== Segment start ==

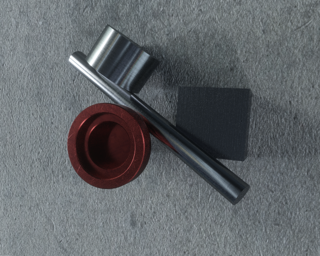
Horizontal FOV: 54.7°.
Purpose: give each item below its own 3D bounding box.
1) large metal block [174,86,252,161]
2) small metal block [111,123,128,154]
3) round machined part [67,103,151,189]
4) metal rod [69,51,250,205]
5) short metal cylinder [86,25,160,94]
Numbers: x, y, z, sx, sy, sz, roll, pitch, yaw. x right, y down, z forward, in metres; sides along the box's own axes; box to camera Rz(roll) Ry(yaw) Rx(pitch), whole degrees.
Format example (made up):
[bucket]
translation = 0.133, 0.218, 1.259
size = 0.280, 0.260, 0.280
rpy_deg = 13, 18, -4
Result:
[large metal block]
translation = 0.065, -0.006, 0.374
size = 0.080, 0.050, 0.079
rpy_deg = 5, 92, 19
[small metal block]
translation = -0.044, 0.007, 0.412
size = 0.025, 0.050, 0.050
rpy_deg = -2, 89, 20
[round machined part]
translation = -0.056, 0.020, 0.367
size = 0.098, 0.042, 0.097
rpy_deg = 1, 92, 19
[metal rod]
translation = -0.021, -0.017, 0.377
size = 0.300, 0.025, 0.025
rpy_deg = 40, 103, 30
[short metal cylinder]
translation = -0.047, -0.088, 0.396
size = 0.080, 0.080, 0.050
rpy_deg = 39, 102, 15
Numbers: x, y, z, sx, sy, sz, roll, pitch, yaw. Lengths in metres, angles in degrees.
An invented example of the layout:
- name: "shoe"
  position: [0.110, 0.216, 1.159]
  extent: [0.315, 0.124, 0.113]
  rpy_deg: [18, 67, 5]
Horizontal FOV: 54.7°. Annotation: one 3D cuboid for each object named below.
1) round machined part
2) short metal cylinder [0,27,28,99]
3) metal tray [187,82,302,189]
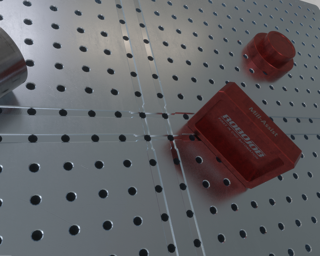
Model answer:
- name: "round machined part"
  position: [0.227, -0.152, 0.613]
  extent: [0.099, 0.042, 0.098]
  rpy_deg: [14, 56, -21]
- name: "short metal cylinder"
  position: [-0.185, -0.065, 0.313]
  extent: [0.080, 0.080, 0.050]
  rpy_deg: [39, 51, -2]
- name: "metal tray"
  position: [0.109, 0.013, 0.417]
  extent: [0.130, 0.090, 0.030]
  rpy_deg: [47, 51, 4]
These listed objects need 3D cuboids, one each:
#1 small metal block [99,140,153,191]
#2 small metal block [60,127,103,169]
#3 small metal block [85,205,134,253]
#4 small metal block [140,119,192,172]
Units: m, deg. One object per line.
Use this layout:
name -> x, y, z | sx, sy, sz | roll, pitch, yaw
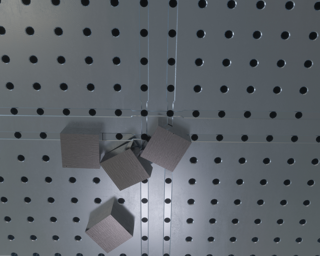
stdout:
small metal block -> -0.046, 0.052, 0.429 | 0.050, 0.025, 0.050 | -27, 108, 17
small metal block -> -0.106, 0.027, 0.422 | 0.050, 0.025, 0.050 | 2, 110, -1
small metal block -> -0.075, 0.153, 0.469 | 0.050, 0.025, 0.050 | -36, 106, 12
small metal block -> 0.008, 0.024, 0.422 | 0.050, 0.025, 0.050 | 27, 107, -10
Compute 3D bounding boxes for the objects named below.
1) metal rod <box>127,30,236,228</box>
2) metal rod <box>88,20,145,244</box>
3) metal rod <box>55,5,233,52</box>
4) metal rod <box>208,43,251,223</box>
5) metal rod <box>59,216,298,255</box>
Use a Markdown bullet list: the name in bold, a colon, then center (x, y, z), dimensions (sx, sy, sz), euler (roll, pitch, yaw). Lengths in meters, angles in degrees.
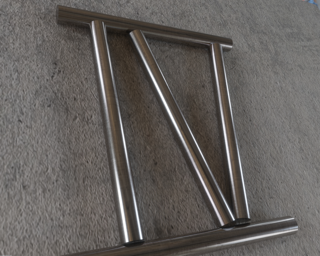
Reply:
- **metal rod**: center (0.022, -0.012, 0.425), dimensions (0.025, 0.025, 0.299), euler (-12, 68, -34)
- **metal rod**: center (-0.059, -0.014, 0.382), dimensions (0.025, 0.025, 0.299), euler (1, 61, -28)
- **metal rod**: center (-0.008, -0.154, 0.496), dimensions (0.303, 0.025, 0.025), euler (1, 62, -28)
- **metal rod**: center (0.099, -0.012, 0.467), dimensions (0.025, 0.025, 0.299), euler (13, 56, -22)
- **metal rod**: center (0.044, 0.130, 0.350), dimensions (0.303, 0.025, 0.025), euler (1, 62, -28)
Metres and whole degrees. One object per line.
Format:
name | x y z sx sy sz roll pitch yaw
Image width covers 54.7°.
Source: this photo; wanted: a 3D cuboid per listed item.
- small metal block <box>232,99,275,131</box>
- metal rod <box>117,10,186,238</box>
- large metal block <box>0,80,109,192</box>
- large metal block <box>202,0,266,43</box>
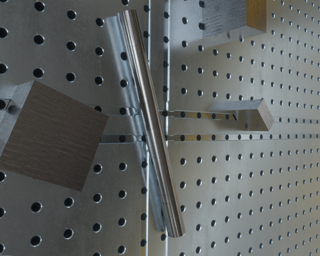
small metal block | 0.159 -0.021 0.530 0.025 0.050 0.050 -52 121 -27
metal rod | -0.009 0.003 0.403 0.025 0.025 0.298 -21 104 -38
large metal block | -0.109 0.010 0.303 0.080 0.050 0.080 28 72 -37
large metal block | 0.111 -0.180 0.469 0.050 0.080 0.079 -1 91 -40
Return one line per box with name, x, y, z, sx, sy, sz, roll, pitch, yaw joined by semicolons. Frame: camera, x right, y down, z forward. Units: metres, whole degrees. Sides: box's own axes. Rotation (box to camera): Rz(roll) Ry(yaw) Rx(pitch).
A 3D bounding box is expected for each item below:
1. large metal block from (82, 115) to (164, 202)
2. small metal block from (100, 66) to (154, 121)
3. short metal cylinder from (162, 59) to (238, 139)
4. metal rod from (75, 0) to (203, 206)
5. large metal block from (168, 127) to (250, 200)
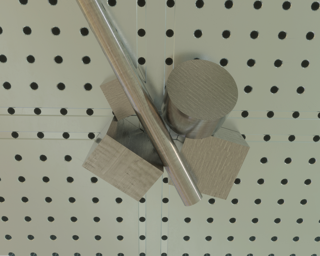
large metal block;-0.043;0.034;0.396;0.080;0.080;0.050;35;106;-13
small metal block;-0.041;-0.044;0.397;0.050;0.025;0.050;-23;109;8
short metal cylinder;0.045;-0.033;0.365;0.081;0.080;0.050;8;153;-4
metal rod;-0.028;-0.042;0.365;0.025;0.025;0.299;-27;97;9
large metal block;0.061;0.040;0.415;0.080;0.050;0.079;16;109;-7
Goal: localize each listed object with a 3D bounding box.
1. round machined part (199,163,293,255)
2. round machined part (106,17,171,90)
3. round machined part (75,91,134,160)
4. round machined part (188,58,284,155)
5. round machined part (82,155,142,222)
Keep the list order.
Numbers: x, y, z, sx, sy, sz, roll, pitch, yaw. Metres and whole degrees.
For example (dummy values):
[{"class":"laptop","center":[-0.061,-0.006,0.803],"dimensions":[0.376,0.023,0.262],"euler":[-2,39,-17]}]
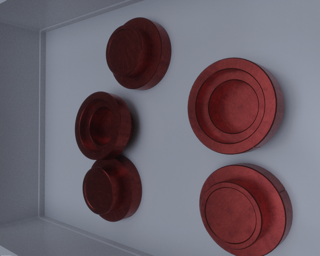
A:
[{"class":"round machined part","center":[0.083,0.088,0.326],"dimensions":[0.098,0.042,0.097],"euler":[0,90,39]},{"class":"round machined part","center":[-0.036,-0.102,0.423],"dimensions":[0.098,0.042,0.097],"euler":[0,90,39]},{"class":"round machined part","center":[-0.077,-0.002,0.453],"dimensions":[0.098,0.042,0.097],"euler":[-5,81,38]},{"class":"round machined part","center":[0.082,-0.022,0.327],"dimensions":[0.098,0.042,0.097],"euler":[0,90,39]},{"class":"round machined part","center":[-0.077,0.090,0.456],"dimensions":[0.098,0.042,0.097],"euler":[0,90,39]}]
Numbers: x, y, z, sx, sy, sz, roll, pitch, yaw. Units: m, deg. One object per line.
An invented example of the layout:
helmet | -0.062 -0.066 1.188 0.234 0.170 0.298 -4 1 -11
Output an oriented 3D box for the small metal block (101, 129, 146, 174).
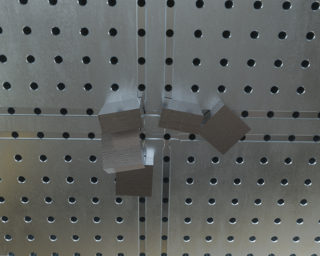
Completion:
small metal block | -0.049 0.030 0.409 0.050 0.025 0.050 -9 68 3

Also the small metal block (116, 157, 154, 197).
small metal block | -0.036 0.068 0.438 0.050 0.025 0.050 3 110 -2

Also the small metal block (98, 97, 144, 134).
small metal block | -0.047 -0.016 0.393 0.050 0.050 0.025 -9 110 3

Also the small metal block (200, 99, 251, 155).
small metal block | 0.083 -0.001 0.414 0.050 0.025 0.050 40 105 -14

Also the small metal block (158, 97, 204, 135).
small metal block | 0.025 -0.016 0.394 0.050 0.050 0.025 11 110 -4
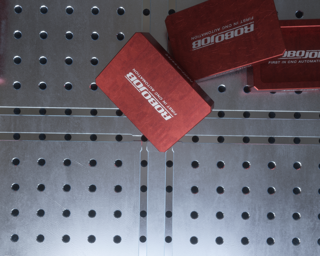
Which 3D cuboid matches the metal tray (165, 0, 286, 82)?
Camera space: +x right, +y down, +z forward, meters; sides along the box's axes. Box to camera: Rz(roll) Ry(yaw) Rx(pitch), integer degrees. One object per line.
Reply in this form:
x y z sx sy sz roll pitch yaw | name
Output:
0.080 -0.115 0.390 0.130 0.030 0.090 -14 90 19 | metal tray

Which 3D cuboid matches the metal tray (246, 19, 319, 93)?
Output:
0.184 -0.095 0.411 0.131 0.030 0.090 -2 90 0 | metal tray

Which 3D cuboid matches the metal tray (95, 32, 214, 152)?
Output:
-0.007 -0.045 0.394 0.130 0.030 0.090 47 113 0 | metal tray
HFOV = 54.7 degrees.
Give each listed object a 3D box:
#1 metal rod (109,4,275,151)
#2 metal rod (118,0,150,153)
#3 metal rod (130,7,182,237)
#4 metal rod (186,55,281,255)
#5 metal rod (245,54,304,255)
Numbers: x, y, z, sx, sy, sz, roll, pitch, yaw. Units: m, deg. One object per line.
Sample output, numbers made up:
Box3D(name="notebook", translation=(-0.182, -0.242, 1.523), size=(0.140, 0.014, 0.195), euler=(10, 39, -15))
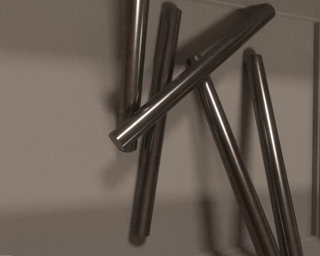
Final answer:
Box3D(name="metal rod", translation=(0.055, -0.078, 0.398), size=(0.301, 0.025, 0.025), euler=(-42, 104, -23))
Box3D(name="metal rod", translation=(-0.026, -0.103, 0.324), size=(0.025, 0.025, 0.298), euler=(-5, 122, -20))
Box3D(name="metal rod", translation=(-0.004, -0.010, 0.409), size=(0.025, 0.025, 0.298), euler=(9, 87, -20))
Box3D(name="metal rod", translation=(0.091, 0.041, 0.384), size=(0.025, 0.025, 0.299), euler=(-11, 71, -20))
Box3D(name="metal rod", translation=(0.149, 0.035, 0.410), size=(0.025, 0.025, 0.299), euler=(5, 67, -20))
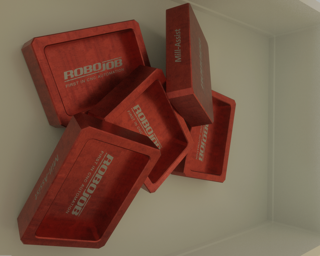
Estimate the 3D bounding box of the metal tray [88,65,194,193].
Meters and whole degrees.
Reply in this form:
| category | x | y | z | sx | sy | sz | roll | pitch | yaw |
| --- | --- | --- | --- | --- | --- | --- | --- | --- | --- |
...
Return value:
| category | x | y | z | sx | sy | sz | roll | pitch | yaw |
| --- | --- | --- | --- | --- | --- | --- | --- | --- | --- |
| metal tray | -0.015 | 0.004 | 0.363 | 0.090 | 0.030 | 0.130 | -47 | 133 | -22 |

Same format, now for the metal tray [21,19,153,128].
| category | x | y | z | sx | sy | sz | roll | pitch | yaw |
| --- | --- | --- | --- | --- | --- | --- | --- | --- | --- |
| metal tray | -0.070 | -0.063 | 0.343 | 0.131 | 0.030 | 0.089 | -26 | 107 | -37 |

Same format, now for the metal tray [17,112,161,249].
| category | x | y | z | sx | sy | sz | roll | pitch | yaw |
| --- | --- | --- | --- | --- | --- | --- | --- | --- | --- |
| metal tray | -0.069 | 0.058 | 0.307 | 0.091 | 0.030 | 0.129 | 22 | 105 | -38 |

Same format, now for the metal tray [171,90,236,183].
| category | x | y | z | sx | sy | sz | roll | pitch | yaw |
| --- | --- | --- | --- | --- | --- | --- | --- | --- | --- |
| metal tray | 0.066 | 0.011 | 0.459 | 0.091 | 0.030 | 0.129 | 16 | 80 | -39 |

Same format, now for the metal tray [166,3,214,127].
| category | x | y | z | sx | sy | sz | roll | pitch | yaw |
| --- | --- | --- | --- | --- | --- | --- | --- | --- | --- |
| metal tray | 0.038 | -0.077 | 0.390 | 0.090 | 0.030 | 0.130 | 44 | 41 | -56 |
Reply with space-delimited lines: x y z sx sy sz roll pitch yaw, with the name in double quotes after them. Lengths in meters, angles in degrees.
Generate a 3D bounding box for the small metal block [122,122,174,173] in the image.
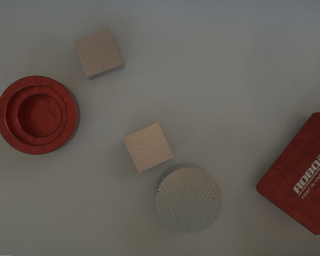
-0.015 0.025 0.411 0.050 0.025 0.050 -25 90 -1 "small metal block"

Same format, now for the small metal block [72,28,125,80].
-0.080 -0.097 0.410 0.050 0.025 0.050 -21 90 -1 "small metal block"

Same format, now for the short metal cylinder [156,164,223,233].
0.035 0.088 0.400 0.081 0.050 0.079 0 90 -1 "short metal cylinder"

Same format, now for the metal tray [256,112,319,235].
0.198 0.056 0.390 0.090 0.030 0.130 38 90 31 "metal tray"

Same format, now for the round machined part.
-0.152 -0.016 0.401 0.099 0.042 0.097 0 90 -1 "round machined part"
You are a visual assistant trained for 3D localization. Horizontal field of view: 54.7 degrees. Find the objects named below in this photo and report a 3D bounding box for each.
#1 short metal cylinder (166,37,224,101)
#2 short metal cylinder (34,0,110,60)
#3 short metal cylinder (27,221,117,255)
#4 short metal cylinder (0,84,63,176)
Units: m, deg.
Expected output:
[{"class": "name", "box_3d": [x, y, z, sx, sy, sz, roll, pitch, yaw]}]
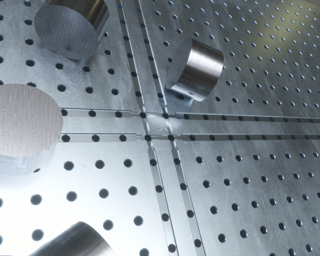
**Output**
[{"class": "short metal cylinder", "box_3d": [0.049, -0.085, 0.450, 0.050, 0.080, 0.080, 20, 54, -17]}, {"class": "short metal cylinder", "box_3d": [-0.110, -0.135, 0.396, 0.080, 0.080, 0.050, 23, 53, -14]}, {"class": "short metal cylinder", "box_3d": [-0.069, 0.127, 0.258, 0.050, 0.080, 0.080, -30, 79, -38]}, {"class": "short metal cylinder", "box_3d": [-0.144, 0.002, 0.313, 0.081, 0.050, 0.080, 14, 56, -21]}]
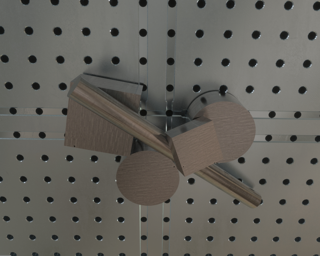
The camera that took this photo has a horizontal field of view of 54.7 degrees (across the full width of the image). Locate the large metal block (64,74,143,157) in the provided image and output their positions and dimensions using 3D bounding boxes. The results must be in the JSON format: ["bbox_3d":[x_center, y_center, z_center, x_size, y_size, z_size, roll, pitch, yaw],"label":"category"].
[{"bbox_3d":[-0.069,-0.017,0.387,0.081,0.050,0.079,10,110,-4],"label":"large metal block"}]

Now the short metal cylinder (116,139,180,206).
[{"bbox_3d":[-0.015,0.056,0.417,0.081,0.050,0.079,0,110,0],"label":"short metal cylinder"}]

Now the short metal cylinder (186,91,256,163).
[{"bbox_3d":[0.075,-0.002,0.396,0.081,0.050,0.079,0,110,0],"label":"short metal cylinder"}]

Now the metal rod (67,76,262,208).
[{"bbox_3d":[0.025,0.031,0.384,0.301,0.025,0.025,33,107,-27],"label":"metal rod"}]

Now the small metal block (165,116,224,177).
[{"bbox_3d":[0.039,0.020,0.357,0.050,0.025,0.050,-23,109,-11],"label":"small metal block"}]
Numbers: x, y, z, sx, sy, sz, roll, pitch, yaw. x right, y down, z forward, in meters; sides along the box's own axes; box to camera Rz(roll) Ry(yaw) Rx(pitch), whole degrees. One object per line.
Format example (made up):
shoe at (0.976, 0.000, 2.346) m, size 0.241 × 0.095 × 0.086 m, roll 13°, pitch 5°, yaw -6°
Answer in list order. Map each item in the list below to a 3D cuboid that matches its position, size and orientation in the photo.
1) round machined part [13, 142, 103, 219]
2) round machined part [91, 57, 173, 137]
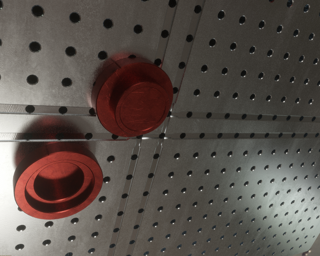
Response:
round machined part at (-0.122, 0.058, 0.370) m, size 0.099 × 0.042 × 0.097 m, roll -14°, pitch 125°, yaw -21°
round machined part at (-0.027, -0.031, 0.368) m, size 0.099 × 0.042 × 0.097 m, roll -14°, pitch 125°, yaw -21°
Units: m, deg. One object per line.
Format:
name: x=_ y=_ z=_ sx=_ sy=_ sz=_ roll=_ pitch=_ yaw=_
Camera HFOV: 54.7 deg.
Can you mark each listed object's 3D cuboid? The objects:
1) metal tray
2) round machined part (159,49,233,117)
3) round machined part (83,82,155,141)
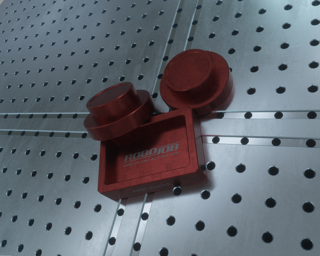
metal tray: x=-0.013 y=0.033 z=0.390 sx=0.130 sy=0.030 sz=0.090 roll=-16 pitch=55 yaw=18
round machined part: x=0.044 y=-0.066 z=0.414 sx=0.098 sy=0.042 sz=0.098 roll=-13 pitch=56 yaw=20
round machined part: x=-0.059 y=-0.028 z=0.418 sx=0.098 sy=0.042 sz=0.098 roll=-20 pitch=25 yaw=10
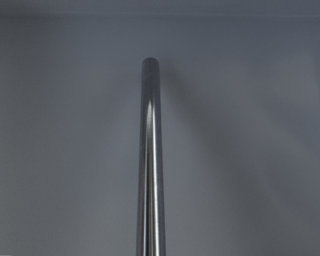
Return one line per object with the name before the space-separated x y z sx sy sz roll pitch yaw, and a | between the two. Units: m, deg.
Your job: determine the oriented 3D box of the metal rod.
metal rod | -0.010 0.017 0.340 0.025 0.025 0.300 -1 46 -1
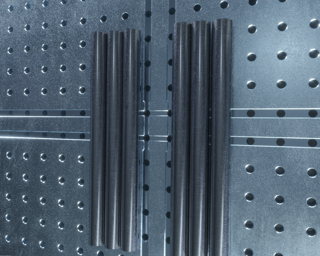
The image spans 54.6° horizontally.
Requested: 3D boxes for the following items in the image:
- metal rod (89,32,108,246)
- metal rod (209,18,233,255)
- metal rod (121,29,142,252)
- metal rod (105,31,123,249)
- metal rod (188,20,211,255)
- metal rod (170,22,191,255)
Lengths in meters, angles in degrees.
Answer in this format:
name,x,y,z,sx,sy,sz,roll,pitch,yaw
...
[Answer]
name,x,y,z,sx,sy,sz,roll,pitch,yaw
metal rod,-0.088,0.015,0.444,0.025,0.025,0.298,1,90,20
metal rod,0.076,0.017,0.385,0.025,0.025,0.298,1,90,20
metal rod,-0.040,0.016,0.426,0.025,0.025,0.298,1,90,20
metal rod,-0.063,0.016,0.435,0.025,0.025,0.298,1,90,20
metal rod,0.050,0.017,0.394,0.025,0.025,0.298,1,90,20
metal rod,0.027,0.016,0.403,0.025,0.025,0.298,1,90,20
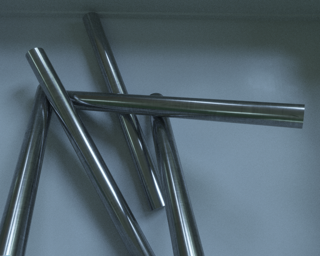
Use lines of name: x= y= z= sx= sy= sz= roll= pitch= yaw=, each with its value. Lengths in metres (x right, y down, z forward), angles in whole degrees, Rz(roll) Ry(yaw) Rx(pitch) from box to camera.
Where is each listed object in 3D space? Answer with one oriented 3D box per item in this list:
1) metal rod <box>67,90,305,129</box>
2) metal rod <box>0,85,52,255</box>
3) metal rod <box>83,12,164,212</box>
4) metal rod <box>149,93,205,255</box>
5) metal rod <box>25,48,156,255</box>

== Segment end ==

THE PROBLEM: Would you filter the records and copy out each line containing "shoe"?

SOLUTION:
- name: "shoe"
shoe at (0.976, 0.000, 2.346) m, size 0.241 × 0.095 × 0.086 m, roll 13°, pitch 5°, yaw -6°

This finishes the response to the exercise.